Полковник смотрел на расплывающиеся перед глазами строчки.
— Хорошо…
— Не слышу!
— Хорошо. Сделаю.
— Ну, вот и договорились… — священник встал с кровати, пошел к двери — да, кстати, Кевин… Тебе ничего не известно о том парне, что расстрелял патруль на улице?
— Нет. Он не из наших.
— Русский? Я давно не был в этих краях.
— Возможно. Мы ничего про него не знаем.
— Как же тогда общаетесь?
— Через интернет. Он оставляет нам сообщения. Каждый раз из разных мест.
Священник кивнул — так он и думал. Схема действий русского выдавала в нем серьезного противника.

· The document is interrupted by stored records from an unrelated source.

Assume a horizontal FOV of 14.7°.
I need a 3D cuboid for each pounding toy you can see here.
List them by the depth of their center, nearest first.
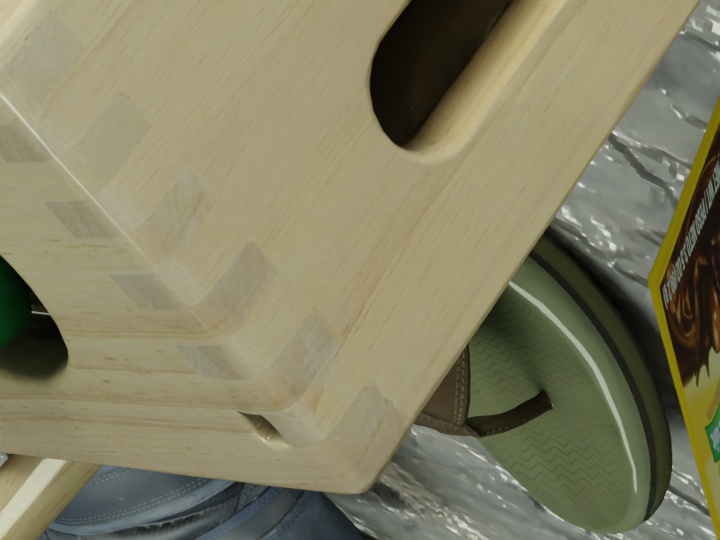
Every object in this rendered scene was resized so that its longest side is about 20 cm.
[{"bbox_3d":[-0.041,-0.025,0.529,0.184,0.200,0.142,1,139,52],"label":"pounding toy"}]

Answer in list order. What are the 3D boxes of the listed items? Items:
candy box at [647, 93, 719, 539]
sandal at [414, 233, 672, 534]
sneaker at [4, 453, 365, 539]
[{"bbox_3d":[0.094,0.001,0.536,0.200,0.026,0.103,100,158,-64],"label":"candy box"},{"bbox_3d":[-0.001,-0.001,0.696,0.201,0.057,0.080,46,154,-21],"label":"sandal"},{"bbox_3d":[-0.099,0.069,0.876,0.201,0.077,0.147,-13,121,35],"label":"sneaker"}]
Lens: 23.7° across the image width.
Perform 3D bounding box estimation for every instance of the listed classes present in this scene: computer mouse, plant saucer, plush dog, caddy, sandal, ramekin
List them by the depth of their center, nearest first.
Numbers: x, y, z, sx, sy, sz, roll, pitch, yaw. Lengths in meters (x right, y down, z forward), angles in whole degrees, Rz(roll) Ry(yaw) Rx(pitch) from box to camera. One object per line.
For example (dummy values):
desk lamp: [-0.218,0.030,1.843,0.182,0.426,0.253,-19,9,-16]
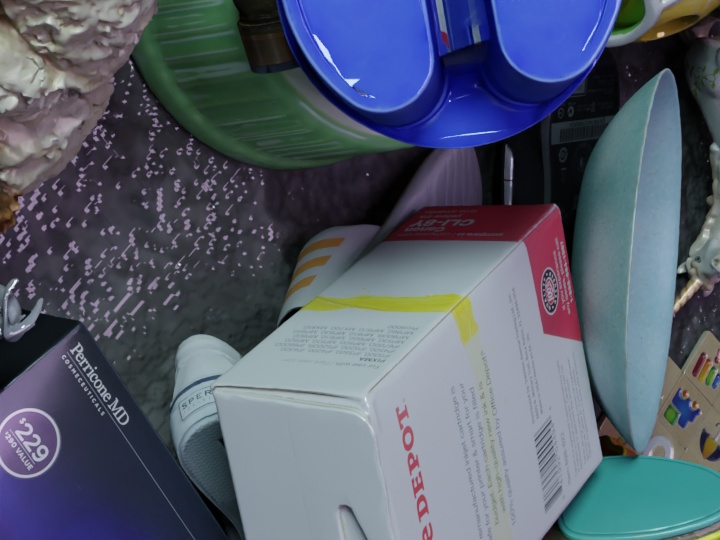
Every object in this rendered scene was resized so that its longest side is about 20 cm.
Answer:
caddy: [0.029,-0.147,0.666,0.140,0.105,0.201,-9,96,4]
plush dog: [-0.134,-0.107,0.691,0.160,0.172,0.201,18,51,-9]
ramekin: [-0.010,-0.148,0.829,0.199,0.097,0.201,-3,95,-34]
sandal: [0.002,0.006,0.881,0.207,0.059,0.079,-56,139,-42]
plant saucer: [0.139,-0.006,0.903,0.201,0.038,0.202,4,90,-73]
computer mouse: [0.085,-0.026,0.932,0.140,0.046,0.201,-19,114,-45]

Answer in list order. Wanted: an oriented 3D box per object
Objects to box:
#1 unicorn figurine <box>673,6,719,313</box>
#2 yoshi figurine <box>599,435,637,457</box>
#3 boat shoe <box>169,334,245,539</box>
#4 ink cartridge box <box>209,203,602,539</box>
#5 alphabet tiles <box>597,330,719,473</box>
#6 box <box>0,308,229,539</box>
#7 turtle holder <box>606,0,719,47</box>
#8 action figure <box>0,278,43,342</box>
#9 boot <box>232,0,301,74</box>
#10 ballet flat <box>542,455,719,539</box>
unicorn figurine: [0.227,-0.073,0.994,0.073,0.137,0.201,2,77,-28]
yoshi figurine: [0.181,0.192,0.999,0.200,0.112,0.112,44,29,-14]
boat shoe: [-0.037,0.108,0.845,0.073,0.067,0.201,-18,132,3]
ink cartridge box: [0.028,0.073,0.790,0.200,0.083,0.146,-40,125,-51]
alphabet tiles: [0.189,0.145,1.043,0.166,0.006,0.200,45,69,-29]
box: [-0.139,0.140,0.777,0.141,0.079,0.201,-43,115,-27]
turtle holder: [0.148,-0.177,0.906,0.186,0.140,0.132,52,51,-34]
action figure: [-0.209,0.052,0.638,0.199,0.069,0.131,-25,137,-19]
boot: [0.024,-0.168,0.746,0.199,0.075,0.097,-30,113,-27]
ballet flat: [0.098,0.138,0.897,0.067,0.199,0.067,-85,168,-50]
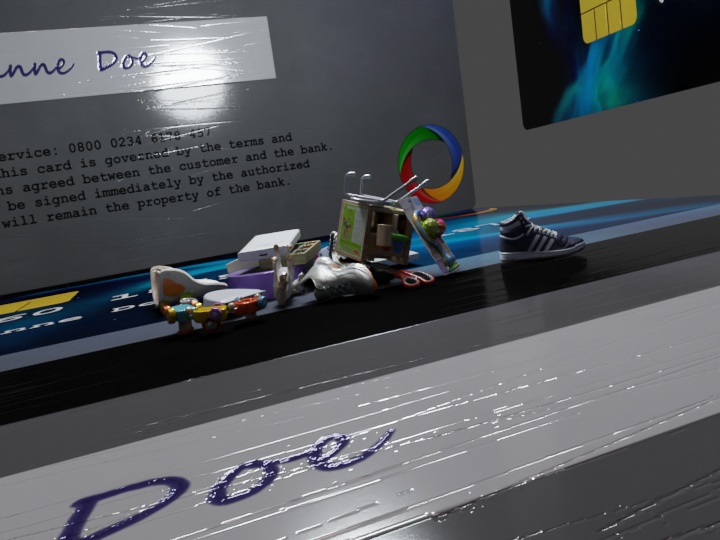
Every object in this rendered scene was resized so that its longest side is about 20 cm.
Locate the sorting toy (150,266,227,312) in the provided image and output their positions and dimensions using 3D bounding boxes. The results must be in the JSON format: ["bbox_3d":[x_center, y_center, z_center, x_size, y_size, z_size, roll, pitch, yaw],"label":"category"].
[{"bbox_3d":[-0.441,0.043,1.631,0.175,0.111,0.199,-4,4,-25],"label":"sorting toy"}]

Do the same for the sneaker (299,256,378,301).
[{"bbox_3d":[-0.048,0.035,1.337,0.197,0.077,0.092,10,45,45],"label":"sneaker"}]

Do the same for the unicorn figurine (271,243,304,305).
[{"bbox_3d":[-0.167,0.015,1.430,0.071,0.142,0.201,3,25,15],"label":"unicorn figurine"}]

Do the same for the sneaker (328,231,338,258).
[{"bbox_3d":[-0.035,-0.062,1.719,0.079,0.078,0.199,4,8,-22],"label":"sneaker"}]

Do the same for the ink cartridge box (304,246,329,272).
[{"bbox_3d":[-0.148,-0.017,1.783,0.117,0.043,0.200,-29,4,16],"label":"ink cartridge box"}]

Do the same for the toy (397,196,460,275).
[{"bbox_3d":[0.172,-0.092,1.454,0.047,0.204,0.114,-31,-7,28],"label":"toy"}]

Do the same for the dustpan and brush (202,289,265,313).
[{"bbox_3d":[-0.321,0.077,1.402,0.195,0.059,0.138,4,11,31],"label":"dustpan and brush"}]

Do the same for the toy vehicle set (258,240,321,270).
[{"bbox_3d":[-0.178,-0.042,1.629,0.120,0.027,0.200,-8,11,9],"label":"toy vehicle set"}]

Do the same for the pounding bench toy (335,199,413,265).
[{"bbox_3d":[0.060,-0.082,1.470,0.152,0.128,0.198,4,9,-33],"label":"pounding bench toy"}]

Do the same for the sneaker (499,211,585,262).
[{"bbox_3d":[0.415,-0.086,1.457,0.194,0.112,0.070,-7,7,17],"label":"sneaker"}]

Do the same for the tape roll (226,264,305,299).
[{"bbox_3d":[-0.234,0.027,1.580,0.193,0.068,0.200,-9,6,1],"label":"tape roll"}]

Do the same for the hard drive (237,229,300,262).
[{"bbox_3d":[-0.231,-0.066,1.622,0.127,0.027,0.200,-9,14,5],"label":"hard drive"}]

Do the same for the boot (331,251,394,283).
[{"bbox_3d":[0.000,0.000,1.517,0.134,0.080,0.201,-5,20,-8],"label":"boot"}]

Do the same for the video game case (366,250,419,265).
[{"bbox_3d":[0.039,-0.033,1.733,0.194,0.024,0.182,-11,11,-16],"label":"video game case"}]

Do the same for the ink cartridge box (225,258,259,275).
[{"bbox_3d":[-0.275,-0.020,1.808,0.144,0.088,0.200,-23,3,15],"label":"ink cartridge box"}]

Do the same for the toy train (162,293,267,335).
[{"bbox_3d":[-0.286,0.088,1.235,0.194,0.058,0.150,-3,7,19],"label":"toy train"}]

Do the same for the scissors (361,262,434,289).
[{"bbox_3d":[0.082,0.003,1.391,0.072,0.014,0.198,-20,26,-29],"label":"scissors"}]

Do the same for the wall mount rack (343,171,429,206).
[{"bbox_3d":[0.059,-0.184,1.437,0.169,0.077,0.199,11,9,18],"label":"wall mount rack"}]
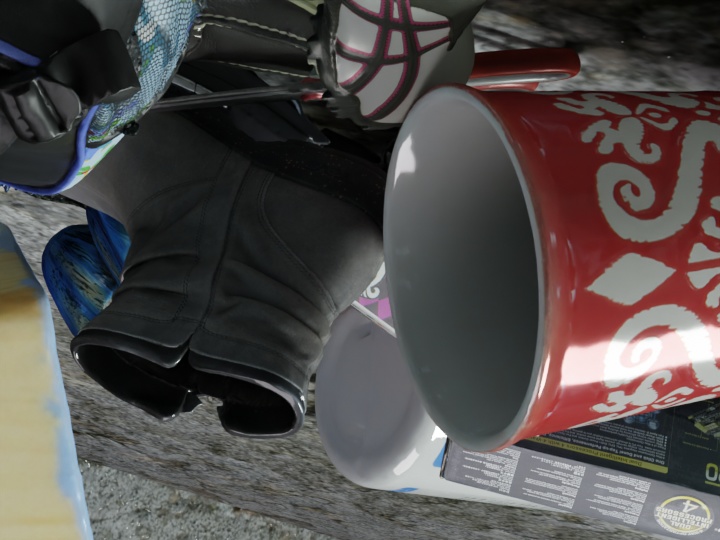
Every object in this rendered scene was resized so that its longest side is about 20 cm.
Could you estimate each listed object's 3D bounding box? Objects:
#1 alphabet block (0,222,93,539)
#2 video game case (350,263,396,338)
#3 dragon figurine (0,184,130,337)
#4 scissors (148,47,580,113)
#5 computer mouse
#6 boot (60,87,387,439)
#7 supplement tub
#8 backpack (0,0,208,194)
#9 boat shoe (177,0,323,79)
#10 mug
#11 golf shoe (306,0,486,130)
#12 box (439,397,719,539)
[{"bbox_3d":[-0.251,0.101,0.985,0.199,0.198,0.195,-12,-166,-14],"label":"alphabet block"},{"bbox_3d":[0.000,0.000,1.003,0.181,0.036,0.200,37,179,-23],"label":"video game case"},{"bbox_3d":[-0.118,-0.003,0.955,0.099,0.201,0.059,-6,158,-49],"label":"dragon figurine"},{"bbox_3d":[-0.007,-0.080,0.814,0.199,0.014,0.073,-3,178,-12],"label":"scissors"},{"bbox_3d":[-0.050,-0.081,0.944,0.199,0.046,0.140,17,-173,7],"label":"computer mouse"},{"bbox_3d":[-0.090,-0.008,0.827,0.199,0.132,0.070,14,141,27],"label":"boot"},{"bbox_3d":[0.084,0.081,1.215,0.199,0.133,0.132,12,171,-36],"label":"supplement tub"},{"bbox_3d":[-0.127,-0.115,0.590,0.182,0.147,0.200,32,164,-3],"label":"backpack"},{"bbox_3d":[-0.103,-0.106,0.816,0.200,0.066,0.072,15,164,-13],"label":"boat shoe"},{"bbox_3d":[0.117,-0.021,0.757,0.199,0.134,0.178,-6,-149,-22],"label":"mug"},{"bbox_3d":[0.020,-0.103,0.691,0.087,0.078,0.200,2,164,18],"label":"golf shoe"},{"bbox_3d":[0.155,0.068,1.086,0.199,0.162,0.049,13,133,2],"label":"box"}]
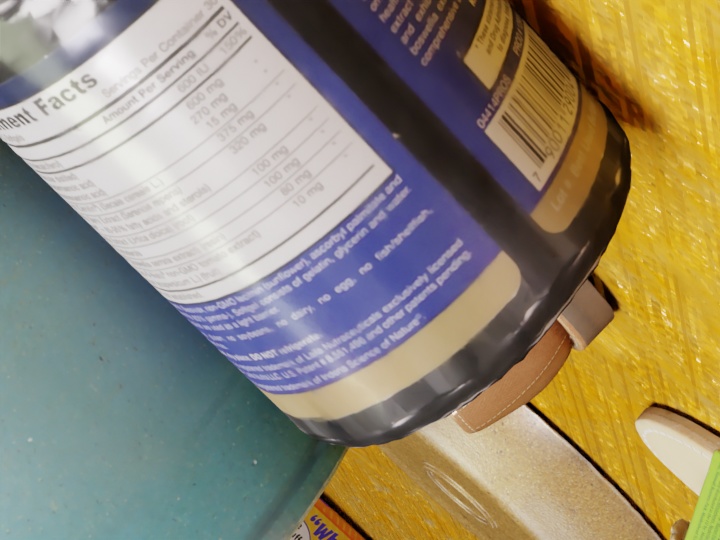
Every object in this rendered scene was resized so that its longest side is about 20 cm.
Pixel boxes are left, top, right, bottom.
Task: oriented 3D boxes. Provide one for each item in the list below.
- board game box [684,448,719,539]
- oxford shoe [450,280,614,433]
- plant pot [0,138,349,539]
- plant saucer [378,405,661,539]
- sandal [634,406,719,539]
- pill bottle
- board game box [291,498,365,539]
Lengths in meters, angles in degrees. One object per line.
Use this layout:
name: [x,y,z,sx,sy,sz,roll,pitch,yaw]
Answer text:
board game box: [0.166,0.139,0.840,0.030,0.096,0.200,-1,-154,-40]
oxford shoe: [0.000,0.000,0.951,0.071,0.071,0.200,45,173,-30]
plant pot: [-0.132,0.019,0.777,0.188,0.200,0.200,48,170,-15]
plant saucer: [0.053,0.084,1.230,0.200,0.035,0.200,40,171,7]
sandal: [0.146,0.126,0.918,0.212,0.070,0.078,37,170,30]
pill bottle: [-0.036,-0.060,0.681,0.200,0.112,0.112,46,170,-21]
board game box: [-0.075,0.270,2.114,0.200,0.200,0.200,44,171,-18]
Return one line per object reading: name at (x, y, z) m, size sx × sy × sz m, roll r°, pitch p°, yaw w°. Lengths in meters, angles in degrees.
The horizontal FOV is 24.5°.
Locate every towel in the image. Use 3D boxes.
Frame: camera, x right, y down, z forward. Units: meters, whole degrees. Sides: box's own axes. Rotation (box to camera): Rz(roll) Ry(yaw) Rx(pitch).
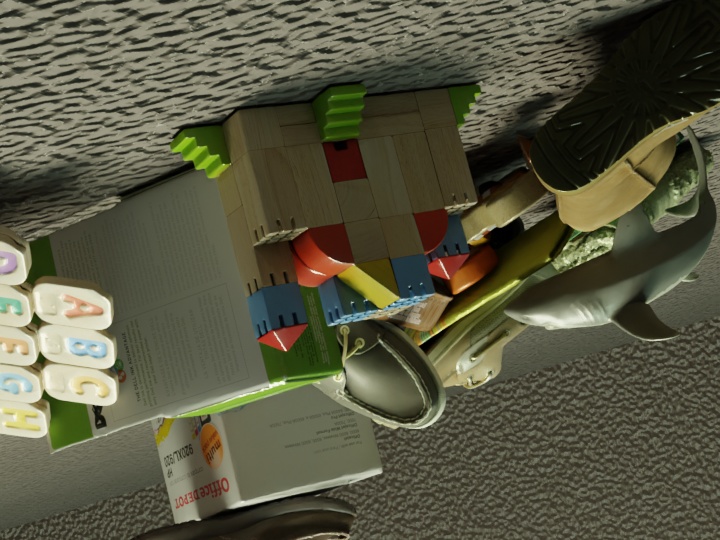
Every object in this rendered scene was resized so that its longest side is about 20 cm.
towel at (0.101, 0.010, 1.305) m, size 0.200 × 0.018 × 0.086 m, roll -36°, pitch -166°, yaw 45°
towel at (0.225, -0.039, 1.476) m, size 0.148 × 0.037 × 0.200 m, roll -38°, pitch 178°, yaw -26°

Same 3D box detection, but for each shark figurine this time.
shark figurine at (0.214, -0.029, 1.218) m, size 0.214 × 0.090 × 0.128 m, roll -36°, pitch -147°, yaw -26°

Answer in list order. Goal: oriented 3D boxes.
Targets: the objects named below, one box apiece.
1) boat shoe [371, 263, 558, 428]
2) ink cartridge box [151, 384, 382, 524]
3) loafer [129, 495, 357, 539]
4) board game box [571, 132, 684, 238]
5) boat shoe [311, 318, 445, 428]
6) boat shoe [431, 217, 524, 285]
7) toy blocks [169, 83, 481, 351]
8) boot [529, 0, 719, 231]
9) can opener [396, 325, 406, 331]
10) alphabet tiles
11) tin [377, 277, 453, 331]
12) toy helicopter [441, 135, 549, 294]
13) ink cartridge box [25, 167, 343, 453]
boat shoe at (0.092, 0.064, 1.364) m, size 0.200 × 0.065 × 0.072 m, roll -45°, pitch -173°, yaw -13°
ink cartridge box at (-0.094, 0.104, 1.432) m, size 0.143 × 0.202 × 0.147 m, roll -9°, pitch 168°, yaw -32°
loafer at (-0.095, 0.235, 1.369) m, size 0.198 × 0.072 × 0.073 m, roll -10°, pitch 168°, yaw -18°
board game box at (0.191, -0.056, 1.380) m, size 0.105 × 0.024 × 0.200 m, roll -40°, pitch 178°, yaw -19°
boat shoe at (-0.027, 0.051, 1.221) m, size 0.072 × 0.201 × 0.060 m, roll -55°, pitch 171°, yaw 11°
boat shoe at (0.053, -0.016, 1.406) m, size 0.199 × 0.071 × 0.071 m, roll -16°, pitch 168°, yaw -30°
toy blocks at (-0.002, -0.031, 1.007) m, size 0.198 × 0.138 × 0.100 m, roll -10°, pitch 169°, yaw -31°
boot at (0.188, -0.099, 1.079) m, size 0.174 × 0.067 × 0.200 m, roll -33°, pitch 168°, yaw 10°
can opener at (0.027, 0.041, 1.485) m, size 0.078 × 0.064 × 0.200 m, roll -29°, pitch -154°, yaw -11°
alphabet tiles at (-0.248, 0.039, 1.032) m, size 0.193 × 0.015 × 0.201 m, roll 8°, pitch 140°, yaw 1°
tin at (0.000, 0.000, 1.252) m, size 0.042 × 0.111 × 0.200 m, roll -62°, pitch 154°, yaw 5°
toy helicopter at (0.110, -0.052, 1.225) m, size 0.132 × 0.079 × 0.200 m, roll -35°, pitch -178°, yaw -6°
ink cartridge box at (-0.127, 0.025, 1.102) m, size 0.198 × 0.150 × 0.075 m, roll -19°, pitch 171°, yaw 29°
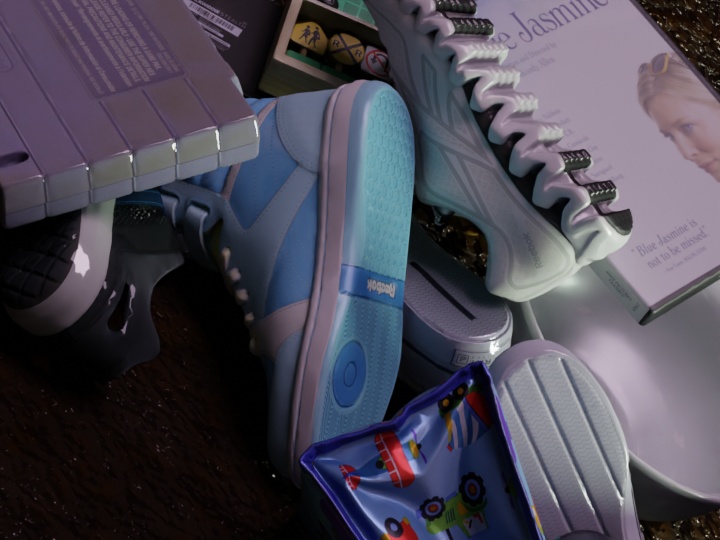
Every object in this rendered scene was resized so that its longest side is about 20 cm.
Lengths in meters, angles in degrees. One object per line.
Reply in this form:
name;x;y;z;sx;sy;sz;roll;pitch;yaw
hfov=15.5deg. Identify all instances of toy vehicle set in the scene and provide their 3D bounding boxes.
toy vehicle set;0.054;-0.108;1.400;0.199;0.027;0.125;22;50;-9

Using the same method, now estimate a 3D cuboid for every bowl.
bowl;0.134;0.059;1.414;0.201;0.090;0.201;26;40;-25

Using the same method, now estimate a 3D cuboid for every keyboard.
keyboard;-0.089;-0.114;1.388;0.200;0.040;0.104;30;46;3

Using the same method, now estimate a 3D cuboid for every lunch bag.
lunch bag;0.057;0.159;1.160;0.200;0.094;0.151;61;-8;12

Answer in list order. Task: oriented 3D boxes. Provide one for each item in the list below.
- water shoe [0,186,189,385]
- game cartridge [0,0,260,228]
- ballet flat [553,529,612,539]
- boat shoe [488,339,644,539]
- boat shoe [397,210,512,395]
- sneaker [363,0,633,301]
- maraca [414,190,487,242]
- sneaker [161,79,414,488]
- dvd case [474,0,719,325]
water shoe;-0.121;-0.025;1.252;0.079;0.071;0.200;49;31;-29
game cartridge;-0.140;-0.101;1.240;0.129;0.038;0.200;-13;43;-21
ballet flat;0.139;0.207;1.259;0.200;0.073;0.073;61;28;-13
boat shoe;0.098;0.112;1.296;0.071;0.072;0.200;-113;-176;-61
boat shoe;0.000;0.000;1.358;0.073;0.067;0.200;-12;45;-31
sneaker;0.048;-0.074;1.315;0.200;0.081;0.075;56;21;15
maraca;0.063;-0.079;1.480;0.200;0.137;0.107;26;76;-14
sneaker;-0.048;0.006;1.290;0.080;0.130;0.201;33;62;-61
dvd case;0.131;-0.076;1.384;0.142;0.018;0.200;-28;72;-36
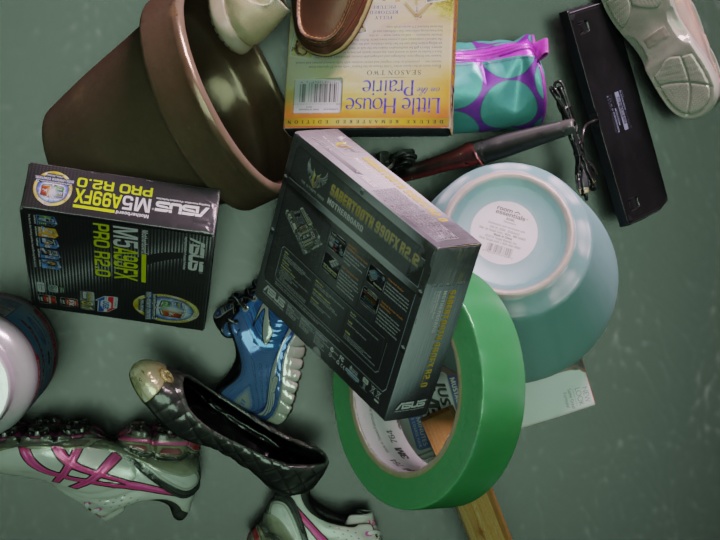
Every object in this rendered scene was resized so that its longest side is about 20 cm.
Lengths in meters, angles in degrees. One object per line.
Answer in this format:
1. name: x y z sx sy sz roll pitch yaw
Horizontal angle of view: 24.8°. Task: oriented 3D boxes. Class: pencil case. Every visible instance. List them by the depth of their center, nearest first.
1. pencil case: 0.064 -0.167 1.454 0.198 0.086 0.093 -2 139 -4

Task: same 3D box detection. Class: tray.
1. tray: 0.110 0.227 1.454 0.037 0.099 0.201 -23 120 -1

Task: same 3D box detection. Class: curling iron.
1. curling iron: 0.097 -0.103 1.452 0.198 0.050 0.026 -10 80 22

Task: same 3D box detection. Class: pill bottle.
1. pill bottle: -0.324 0.083 1.399 0.108 0.200 0.110 0 96 -3

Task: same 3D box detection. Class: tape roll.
1. tape roll: 0.053 0.096 1.353 0.048 0.200 0.202 2 96 -38

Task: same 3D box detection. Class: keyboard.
1. keyboard: 0.214 -0.136 1.469 0.127 0.021 0.202 -22 97 -45

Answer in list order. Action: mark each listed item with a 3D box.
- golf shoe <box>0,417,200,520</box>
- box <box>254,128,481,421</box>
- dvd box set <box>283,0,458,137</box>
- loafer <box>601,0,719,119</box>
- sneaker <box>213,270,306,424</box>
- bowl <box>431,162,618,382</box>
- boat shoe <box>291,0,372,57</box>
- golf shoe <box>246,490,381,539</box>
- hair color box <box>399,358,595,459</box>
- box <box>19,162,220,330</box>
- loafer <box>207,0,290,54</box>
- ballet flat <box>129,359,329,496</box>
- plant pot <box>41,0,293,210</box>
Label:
1. golf shoe: -0.243 0.181 1.470 0.198 0.073 0.093 4 97 -4
2. box: 0.000 0.000 1.325 0.048 0.200 0.160 -6 123 -39
3. dvd box set: 0.012 -0.213 1.396 0.145 0.029 0.202 0 79 12
4. loafer: 0.270 -0.233 1.483 0.072 0.063 0.201 -24 94 32
5. sneaker: -0.085 0.034 1.471 0.088 0.079 0.202 13 95 -7
6. bowl: 0.129 -0.012 1.425 0.199 0.105 0.203 -1 70 4
7. boat shoe: -0.019 -0.280 1.365 0.071 0.068 0.202 12 81 14
8. golf shoe: -0.002 0.270 1.500 0.199 0.073 0.092 36 91 -6
9. hair color box: 0.101 0.097 1.495 0.198 0.064 0.112 -18 96 -3
10. box: -0.204 -0.016 1.401 0.159 0.200 0.045 9 64 -5
11. loafer: -0.096 -0.282 1.412 0.068 0.076 0.202 -15 69 17
12. ballet flat: -0.116 0.131 1.447 0.199 0.067 0.057 34 123 -18
13. plant pot: -0.174 -0.126 1.409 0.173 0.200 0.202 -23 97 17

— Если что-то узнаешь реальное про этого русского — сто тысяч фунтов.
— Понял…
— Как будешь готов — сообщишь мне. Код старый.
— Хорошо…
— Ну, тогда спи. Приятных снов.
Священник ушел — испарился, словно злой дух. А Кевин О'Коннел, «полковник», командир батальона белфастской бригады ИРА остался сидеть в своей тесной комнатушке, бессмысленно уставившись в стену, словно ища какую-то непостижимую человеческим умом истину на грязных разводах обоев…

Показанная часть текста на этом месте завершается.